Reacio a contar episodios autobiográficos extraños a su mundo interior, porque de ahí habrían salido páginas semejantes a “un murmullo de confidencias en un dormitorio de hospital” 348y porque, siendo para él la vida una “anécdota que esconde nuestra personalidad verdadera” 349, sobre la anécdota no merece la pena demorarse 350, es sabido sin embargo que Gómez Dávila declinó seductoras ofertas de carrera política –incluida, posiblemente, la candidatura a la presidencia de la república con vistas a la competición electoral ganada en 1958 por el liberal Alberto Lleras Camargo, que gozaba de su estima, a la cual correspondía 351– y que incluso rechazó el cargo de embajador en París y Londres 352. Podría decirse que para encarnar hasta el fondo aquel “vivir con lucidez una vida sencilla, callada, discreta, entre libros inteligentes, amando a unos pocos seres”, decantado en una de sus glosas 353y tan alejado de aquel activismo que embrutece, o mejor “animaliza”, enfocado por otra 354; y también aquella vida rutinaria que, a diferencia de la mayoría, inclinada a ver en el adjetivo un insulto, consideraba un índice apropiado del arte de vivir 355.

Nos engañaríamos, no obstante, si nos lo imaginásemos como un santurrón aterrorizado o confundido frente a la fisicidad del hombre, en cuyo cuerpo, no por casualidad, divisaba “la fábula del alma” 356. Muy relevante en este sentido es la siguiente referencia a sí mismo: “sensual, escéptico y religioso, no sería quizá una mala definición de lo que soy” 357. Así pues, sensual también 358. Hasta el punto de escribir: “que este cuerpo que duerme abandonado junto al nuestro y esa dulce curva que nace de la nuca y fluye hasta el vientre no perezcan” 359. La supremacía que Gómez Dávila concedía a la inteligencia no le impedía, por tanto, reconocer la importancia de la materialidad del individuo.
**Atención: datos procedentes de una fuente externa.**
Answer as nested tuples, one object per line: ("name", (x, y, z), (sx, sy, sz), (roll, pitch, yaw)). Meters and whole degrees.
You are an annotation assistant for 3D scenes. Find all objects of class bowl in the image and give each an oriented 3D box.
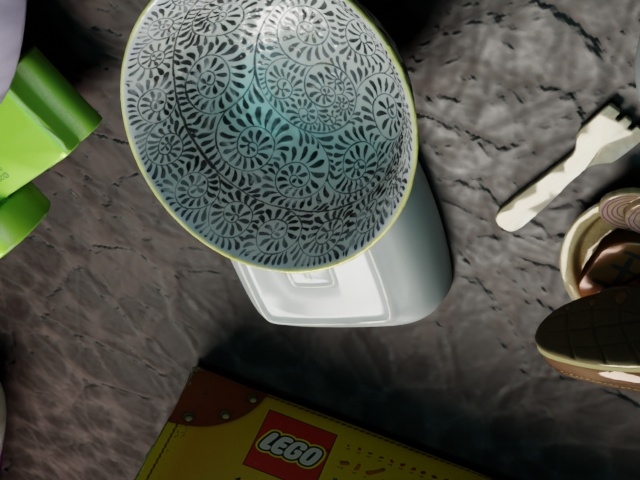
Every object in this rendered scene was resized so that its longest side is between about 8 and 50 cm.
("bowl", (-0.014, -0.075, 0.695), (0.170, 0.080, 0.170), (12, 120, 21))
("bowl", (0.000, 0.000, 0.791), (0.142, 0.053, 0.142), (-1, 128, 26))

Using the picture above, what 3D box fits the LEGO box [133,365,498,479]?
("LEGO box", (0.083, 0.356, 0.978), (0.500, 0.193, 0.372), (20, 136, 8))

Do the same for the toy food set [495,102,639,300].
("toy food set", (0.195, 0.022, 0.725), (0.192, 0.038, 0.132), (36, 136, -8))

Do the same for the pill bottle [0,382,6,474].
("pill bottle", (-0.354, 0.217, 1.080), (0.169, 0.169, 0.301), (24, 136, 4))

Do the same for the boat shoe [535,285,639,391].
("boat shoe", (0.200, 0.065, 0.690), (0.178, 0.064, 0.060), (0, 128, 35))

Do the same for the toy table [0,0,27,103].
("toy table", (-0.268, -0.160, 0.642), (0.252, 0.161, 0.274), (-6, 110, 33))

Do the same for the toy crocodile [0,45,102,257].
("toy crocodile", (-0.265, -0.027, 0.871), (0.115, 0.105, 0.340), (44, 129, -16))

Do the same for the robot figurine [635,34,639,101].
("robot figurine", (0.231, -0.124, 0.455), (0.300, 0.200, 0.353), (37, 142, 27))
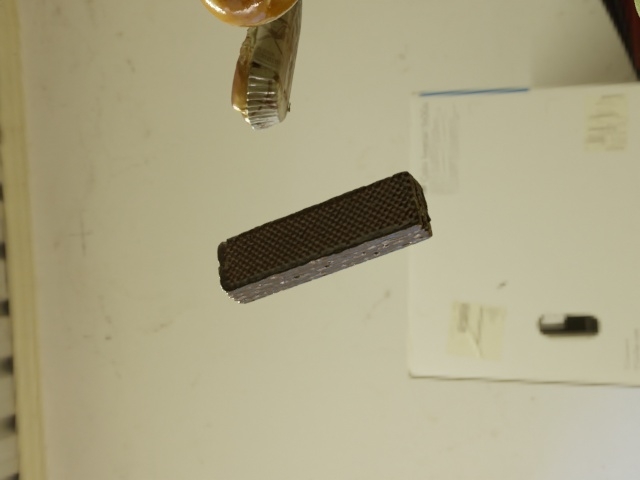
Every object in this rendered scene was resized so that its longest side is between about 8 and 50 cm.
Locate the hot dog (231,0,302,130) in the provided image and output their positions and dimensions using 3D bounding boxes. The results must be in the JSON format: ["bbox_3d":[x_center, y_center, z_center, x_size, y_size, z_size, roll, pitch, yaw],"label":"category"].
[{"bbox_3d":[-0.067,-0.252,1.255,0.131,0.069,0.253,85,-169,-56],"label":"hot dog"}]

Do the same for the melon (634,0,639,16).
[{"bbox_3d":[0.669,-0.442,1.782,0.192,0.139,0.139,59,179,35],"label":"melon"}]

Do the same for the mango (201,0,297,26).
[{"bbox_3d":[-0.046,-0.266,0.844,0.165,0.089,0.115,-57,-28,6],"label":"mango"}]

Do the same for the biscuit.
[{"bbox_3d":[0.000,0.000,1.631,0.073,0.388,0.107,40,-144,-54],"label":"biscuit"}]
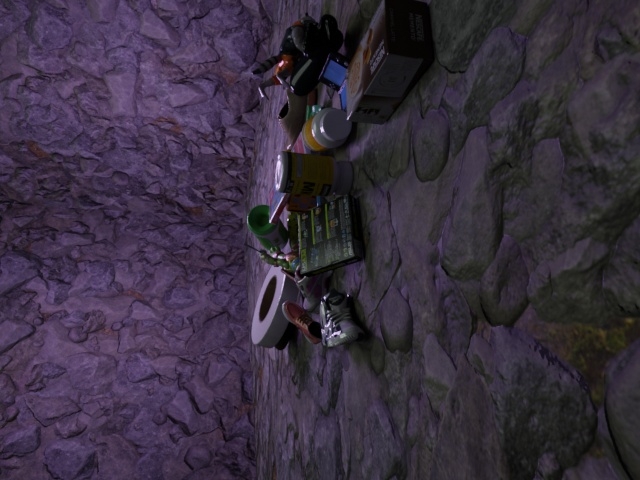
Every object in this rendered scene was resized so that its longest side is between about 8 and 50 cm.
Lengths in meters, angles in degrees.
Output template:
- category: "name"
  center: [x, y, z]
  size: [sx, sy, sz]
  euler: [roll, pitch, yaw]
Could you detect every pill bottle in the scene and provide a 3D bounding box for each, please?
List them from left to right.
- category: "pill bottle"
  center: [-0.019, -0.188, 1.345]
  size: [0.119, 0.208, 0.119]
  euler: [-177, 90, -75]
- category: "pill bottle"
  center: [0.021, -0.332, 1.400]
  size: [0.208, 0.117, 0.118]
  euler: [-164, 77, -74]

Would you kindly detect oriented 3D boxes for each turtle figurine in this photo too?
- category: "turtle figurine"
  center: [-0.126, 0.016, 1.738]
  size: [0.198, 0.274, 0.266]
  euler: [-53, 10, -5]

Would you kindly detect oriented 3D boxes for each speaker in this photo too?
- category: "speaker"
  center: [-0.203, -0.044, 1.849]
  size: [0.296, 0.131, 0.131]
  euler: [71, -163, -75]

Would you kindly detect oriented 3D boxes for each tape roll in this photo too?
- category: "tape roll"
  center: [-0.189, 0.253, 1.952]
  size: [0.392, 0.071, 0.393]
  euler: [-160, 90, -74]

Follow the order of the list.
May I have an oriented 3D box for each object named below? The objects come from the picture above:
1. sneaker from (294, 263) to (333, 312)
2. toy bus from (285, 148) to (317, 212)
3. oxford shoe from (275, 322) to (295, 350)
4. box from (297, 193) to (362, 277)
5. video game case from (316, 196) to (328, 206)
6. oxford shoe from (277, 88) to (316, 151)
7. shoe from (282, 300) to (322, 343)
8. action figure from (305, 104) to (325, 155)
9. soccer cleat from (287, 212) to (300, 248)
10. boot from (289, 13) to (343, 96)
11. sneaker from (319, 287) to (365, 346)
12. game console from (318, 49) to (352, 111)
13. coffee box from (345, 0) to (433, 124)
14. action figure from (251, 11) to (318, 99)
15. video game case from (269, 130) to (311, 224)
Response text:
- category: "sneaker"
  center: [-0.034, 0.129, 1.523]
  size: [0.103, 0.111, 0.253]
  euler: [-110, 27, -55]
- category: "toy bus"
  center: [-0.091, -0.240, 1.802]
  size: [0.333, 0.108, 0.130]
  euler: [-102, 22, -44]
- category: "oxford shoe"
  center: [-0.157, 0.396, 1.981]
  size: [0.096, 0.082, 0.227]
  euler: [-110, 27, -50]
- category: "box"
  center: [0.022, -0.012, 1.290]
  size: [0.184, 0.045, 0.191]
  euler: [-22, 60, 33]
- category: "video game case"
  center: [0.021, -0.046, 1.412]
  size: [0.119, 0.015, 0.167]
  euler: [43, -141, -58]
- category: "oxford shoe"
  center: [-0.118, -0.483, 1.902]
  size: [0.348, 0.130, 0.123]
  euler: [112, 156, -49]
- category: "shoe"
  center: [-0.051, 0.263, 1.531]
  size: [0.178, 0.063, 0.081]
  euler: [50, 153, 1]
- category: "action figure"
  center: [-0.028, -0.365, 1.683]
  size: [0.137, 0.063, 0.233]
  euler: [-140, 58, -69]
- category: "soccer cleat"
  center: [-0.110, -0.042, 1.940]
  size: [0.072, 0.060, 0.179]
  euler: [126, 144, -81]
- category: "boot"
  center: [-0.028, -0.553, 1.410]
  size: [0.246, 0.094, 0.207]
  euler: [-49, 1, 17]
- category: "sneaker"
  center: [0.049, 0.199, 1.241]
  size: [0.235, 0.093, 0.153]
  euler: [117, 145, -78]
- category: "game console"
  center: [0.051, -0.464, 1.384]
  size: [0.085, 0.124, 0.144]
  euler: [-64, 7, -22]
- category: "coffee box"
  center: [0.138, -0.377, 1.013]
  size: [0.246, 0.098, 0.141]
  euler: [135, 135, -68]
- category: "action figure"
  center: [-0.097, -0.709, 1.730]
  size: [0.330, 0.178, 0.341]
  euler: [-64, 15, -14]
- category: "video game case"
  center: [-0.112, -0.220, 1.635]
  size: [0.285, 0.025, 0.204]
  euler: [-59, 22, 27]

Pensaba en efecto que “la inteligencia que olvida o desprecia los gestos voluptuosos, desconoce la densidad que presta al mundo la oscura presencia de la carne” 360; y asimismo que “no habremos aprendido a gozar sensualmente el mundo sino cuando el gesto que palpa se prolongue en arabesco de la inteligencia” 361. Suya es esta confesión referida a la intimidad cotidiana: “siento que mi existencia sólo tiene dos puntos de plenitud y equilibrio. […] Mi ser se cumple sólo en la yerta cumbre de la idea o en el valle bajo y sofocante del erotismo. La meditación más abstracta sobre el espíritu, sus normas, sus principios, o la tibia selva de los gestos voluptuosos. Sólo me conmueve el lívido amanecer que me encuentra desesperado ante el problema insoluble o ante el cuerpo inviolable, que ni su complicidad traiciona” 362.